== Data section ==
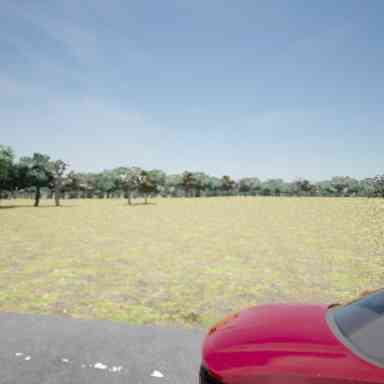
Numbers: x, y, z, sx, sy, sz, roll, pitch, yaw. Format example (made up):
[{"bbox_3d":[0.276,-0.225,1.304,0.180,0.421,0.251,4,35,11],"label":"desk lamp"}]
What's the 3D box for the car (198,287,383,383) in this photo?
[{"bbox_3d":[2.538,1.557,2.918,5.008,1.535,1.882,0,-1,12],"label":"car"}]

== Aim of the exercise ==
Keep the pictures out and transcribe the listing exactly.

== Output of the task ==
Numbers: x, y, z, sx, sy, sz, roll, pitch, yaw. Format example (made up):
[{"bbox_3d":[0.276,-0.225,1.304,0.180,0.421,0.251,4,35,11],"label":"desk lamp"}]
What's the 3D box for the car (198,287,383,383) in this photo?
[{"bbox_3d":[2.538,1.557,2.918,5.008,1.535,1.882,0,-1,12],"label":"car"}]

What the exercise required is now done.